Когда самолет отыскал свою посадочную полосу – мне действительно трудно сказать, была ли это двух- или четырехмоторная машина, – я вернул ему кольцо. Обвиняемый надел кольцо на палец, вторично использовав свой платочек как оберточный материал, и пригласил меня составить ему компанию.
Все это происходило седьмого июня одна тысяча девятьсот пятьдесят первого года. В Герресхайме, на конечной остановке трамвая, мы не сели в трамвай, а взяли такси. Обвиняемый и в дальнейшем при каждом удобном случае проявлял щедрость по отношению ко мне. Мы поехали в город, оставили такси ждать перед бюро проката собак возле церкви Святого Роха, отдали собаку Люкса, снова сели в такси, и оно повезло нас через весь город, через Бильк, Обербильк, на Верстенское кладбище, там господину Мацерату пришлось уплатить более двенадцати марок, и лишь потом мы наведались в мастерскую надгробий, к каменотесу по имени Корнефф.
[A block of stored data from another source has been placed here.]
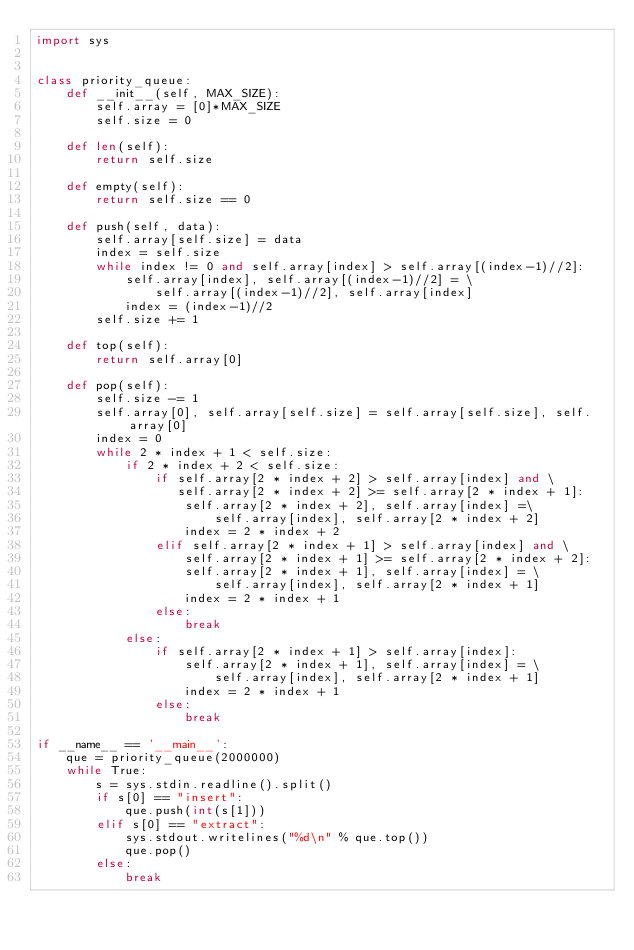Convert code to text. <code><loc_0><loc_0><loc_500><loc_500><_Python_>import sys


class priority_queue:
    def __init__(self, MAX_SIZE):
        self.array = [0]*MAX_SIZE
        self.size = 0

    def len(self):
        return self.size

    def empty(self):
        return self.size == 0

    def push(self, data):
        self.array[self.size] = data
        index = self.size
        while index != 0 and self.array[index] > self.array[(index-1)//2]:
            self.array[index], self.array[(index-1)//2] = \
                self.array[(index-1)//2], self.array[index]
            index = (index-1)//2
        self.size += 1

    def top(self):
        return self.array[0]

    def pop(self):
        self.size -= 1
        self.array[0], self.array[self.size] = self.array[self.size], self.array[0]
        index = 0
        while 2 * index + 1 < self.size:
            if 2 * index + 2 < self.size:
                if self.array[2 * index + 2] > self.array[index] and \
                   self.array[2 * index + 2] >= self.array[2 * index + 1]:
                    self.array[2 * index + 2], self.array[index] =\
                        self.array[index], self.array[2 * index + 2]
                    index = 2 * index + 2
                elif self.array[2 * index + 1] > self.array[index] and \
                    self.array[2 * index + 1] >= self.array[2 * index + 2]:
                    self.array[2 * index + 1], self.array[index] = \
                        self.array[index], self.array[2 * index + 1]
                    index = 2 * index + 1
                else:
                    break
            else:
                if self.array[2 * index + 1] > self.array[index]:
                    self.array[2 * index + 1], self.array[index] = \
                        self.array[index], self.array[2 * index + 1]
                    index = 2 * index + 1
                else:
                    break

if __name__ == '__main__':
    que = priority_queue(2000000)
    while True:
        s = sys.stdin.readline().split()
        if s[0] == "insert":
            que.push(int(s[1]))
        elif s[0] == "extract":
            sys.stdout.writelines("%d\n" % que.top())
            que.pop()
        else:
            break

</code> 
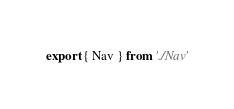<code> <loc_0><loc_0><loc_500><loc_500><_JavaScript_>export { Nav } from './Nav'</code> 
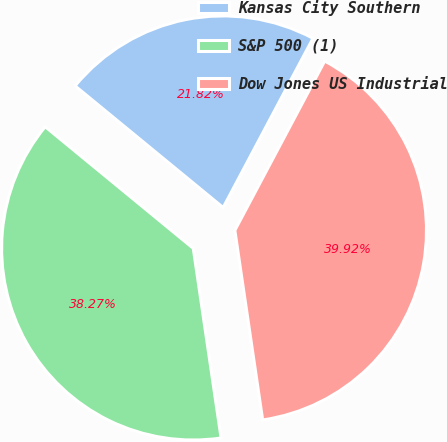Convert chart to OTSL. <chart><loc_0><loc_0><loc_500><loc_500><pie_chart><fcel>Kansas City Southern<fcel>S&P 500 (1)<fcel>Dow Jones US Industrial<nl><fcel>21.82%<fcel>38.27%<fcel>39.92%<nl></chart> 
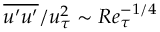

В мастерской было очень грязно, и я порадовался, что Корнефф выполнил поручение моего друга всего за час. Пока мой друг подробно и с любовью описывал мне инструменты и различные виды камня, господин Корнефф, не обмолвившийся ни словом по поводу пальца, сделал с него гипсовый слепок без кольца. Я вполглаза следил за его работой: ведь палец предстояло подвергнуть предварительной обработке, – иными словами, его натерли жиром, обвязали по краю ниткой, потом покрыли гипсом и ниткой разрезали форму до того, как гипс затвердеет. Хотя для меня, оформителя по профессии, изготовление гипсовых отливок не содержало ничего нового, этот палец, едва оказавшись в руках у каменотеса, стал каким-то неэстетичным, и его неэстетичность исчезла, лишь когда обвиняемый после удачного изготовления слепка снова взял палец, очистил от жира и обернул своим платочком. Мой друг оплатил работу каменотеса. Поначалу тот не хотел брать с него деньги, поскольку считал господина Мацерата своим коллегой. К тому же он добавил, что господин Мацерат в свое время выдавливал у него фурункулы и тоже ничего за это не брал. Когда отливка застыла, каменотес разобрал форму, добавил к оригиналу слепок, пообещав в ближайшие же дни сделать еще несколько слепков, и через свою выставку надгробий вывел нас на Молельную тропу.